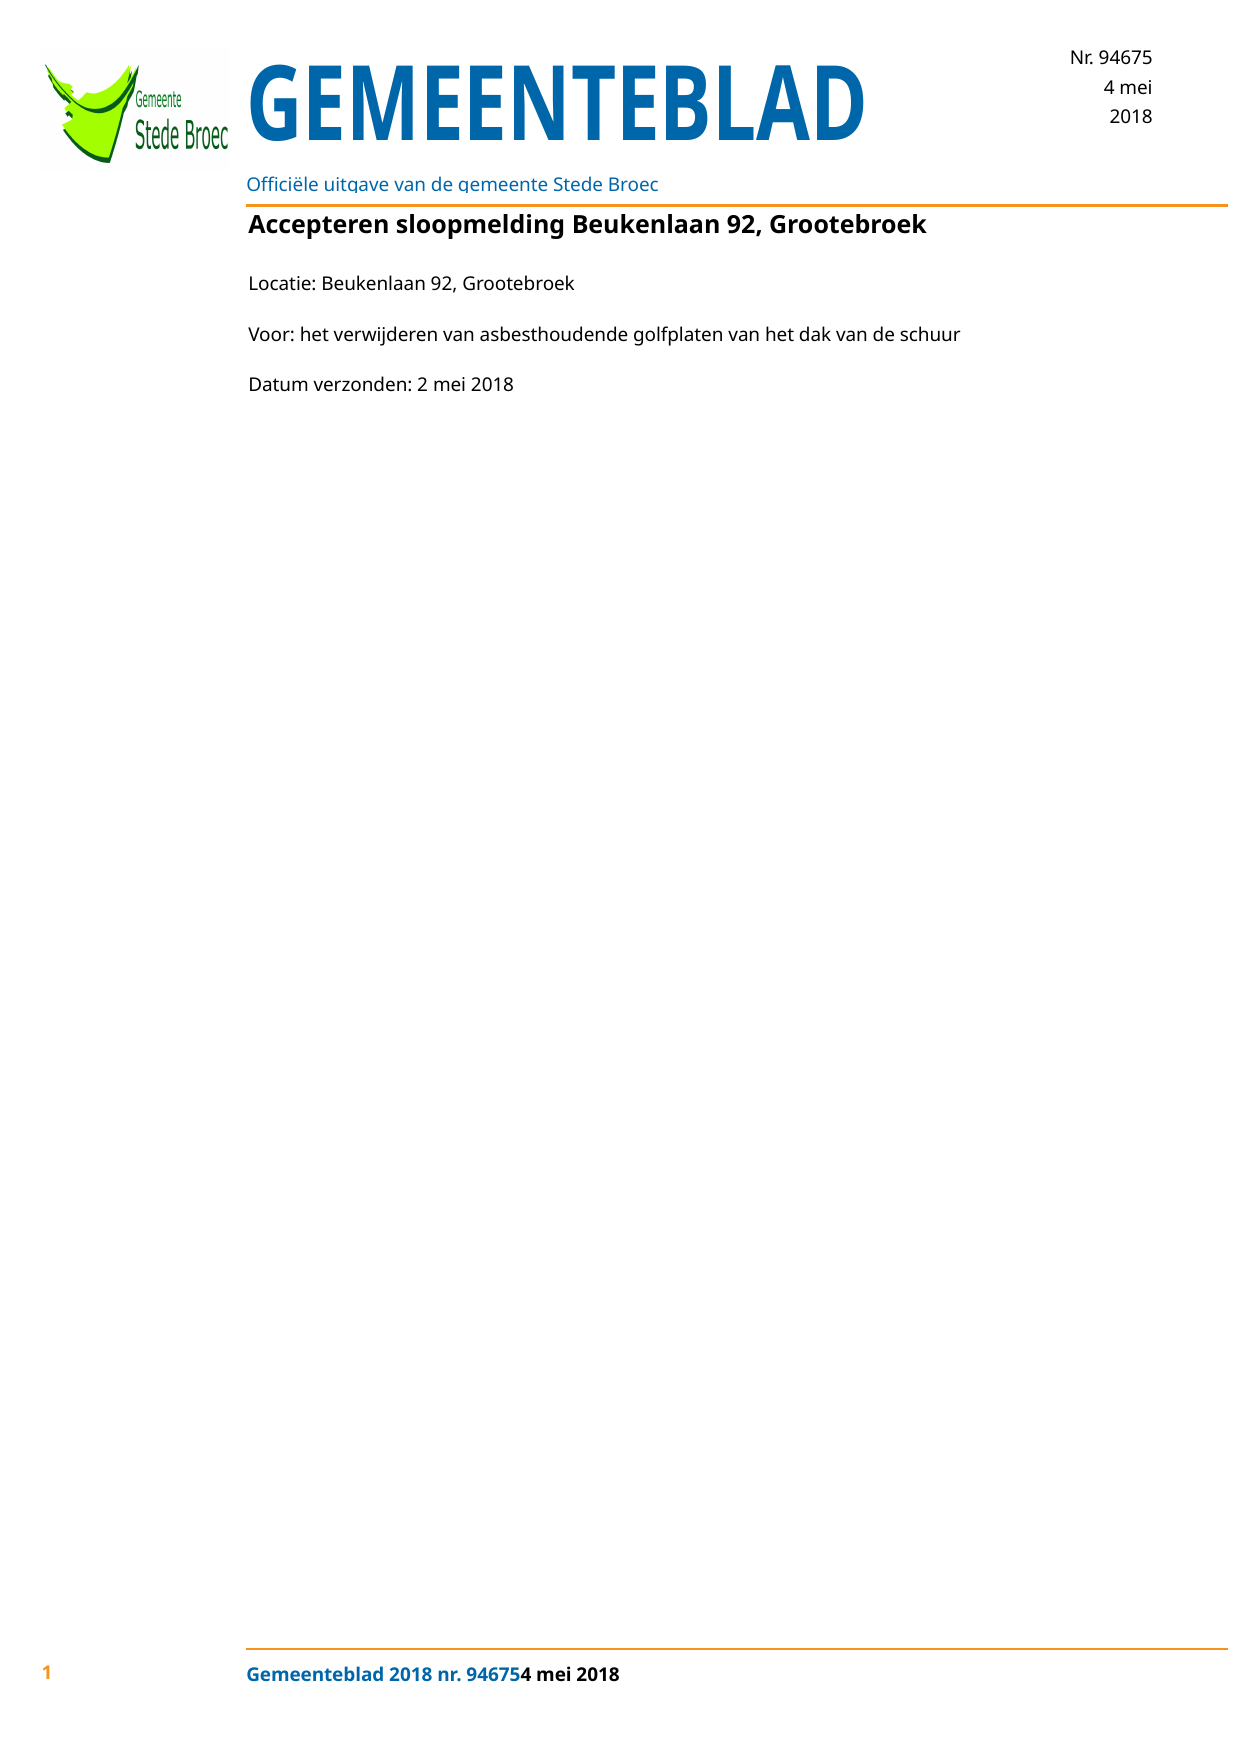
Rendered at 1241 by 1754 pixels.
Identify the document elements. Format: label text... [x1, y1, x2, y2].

text Locatie: Beukenlaan 92, Grootebroek [248, 270, 1152, 296]
text Datum verzonden: 2 mei 2018 [248, 371, 1152, 397]
picture [41, 47, 231, 172]
text Voor: het verwijderen van asbesthoudende golfplaten van het dak van de schuur [248, 321, 1152, 346]
text Accepteren sloopmelding Beukenlaan 92, Grootebroek [248, 207, 1152, 241]

● ● ● ● ●

Each entry above should be copied exactly. The pictures should not.

Rendered at 1241 by 1754 pixels.
Identify the document elements. Format: label text... [x1, y1, x2, y2].

text Locatie: Beukenlaan 92, Grootebroek [248, 270, 1152, 296]
text Datum verzonden: 2 mei 2018 [248, 371, 1152, 397]
picture [41, 47, 231, 172]
text Voor: het verwijderen van asbesthoudende golfplaten van het dak van de schuur [248, 321, 1152, 346]
text Accepteren sloopmelding Beukenlaan 92, Grootebroek [248, 207, 1152, 241]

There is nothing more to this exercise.